Green Economy adalah suatu gagasan ekonomi yang bertujuan untuk meningkatkan kesejahteraan dan kesetaraan sosial masyarakat, sekaligus mengurangi risiko kerusakan lingkungan secara signifikan. Program ini sedang digalangkan pemerintah sebagai bentuk adaptasi dan mitigasi terhadap dampak perubahan iklim. Sampah rumah tangga merupakan masalah yang dihadapi oleh masyarakat. Pembuangan sampah rumah tangga yang tidak benar dapat berkontribusi pada meningkatnya pemanasan global yang berakibat pada perubahan iklim. Padahal, sampah rumah tangga jika dikelola dengan benar selain dapat mengurangi pemanasan global dapat juga mempunyai nilai ekonomi/bisnis bagi rumah tangga. Perempuan mempunyai peranan penting sebagai penggerak ekonomi keluarga yang membutuhkan pendampingan. Salah satunya dengan mengadakan penyuluhan hukum dan praktik pengolahan sampah rumah tangga.
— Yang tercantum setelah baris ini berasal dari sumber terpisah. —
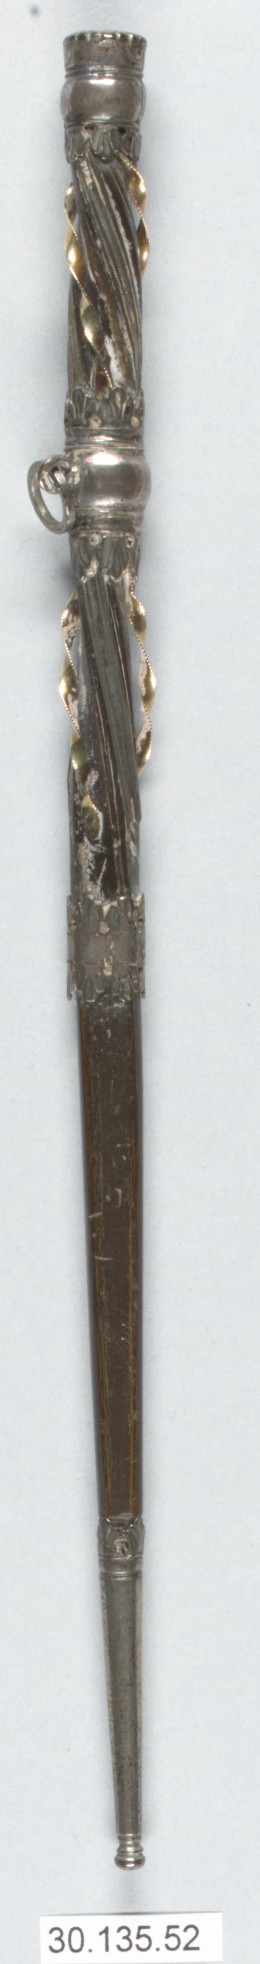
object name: needle sheath
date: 1601-1800
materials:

Penyuluhan hukum akan dilakukan pada kelompok masyarakat dalam hal ini kepada kaum perempuan yang pengetahuan hukumnya masih rendah dan sering melakukan hubungan hukum dalam kegiatannya. Kelompok masyarakat tersebut adalah kaum perempuan yang tergabung dalam Pembinaan Kesejahteraan Keluarga (PKK) Desa Ponggang, Kabupaten Subang. Peningkatan pengetahuan terhadap  komunitas ini diharapkan membantu wawasan mereka bagaimana meminimalkan sampah dan mengolah sampah sehingga bernilai ekonomi, bagaimana standar barang untuk diperdagangkan dalam tingkat global, bagaimana isu lingkungan terkait hak kekayaan intelektual (HKI), bagaimana dengan kewajiban terkait perpajakan dan perlindungan terhadap konsumen, dan hal-hal praktis lainnya dianggap perlu untuk memperkuat wawasan kelompok ini.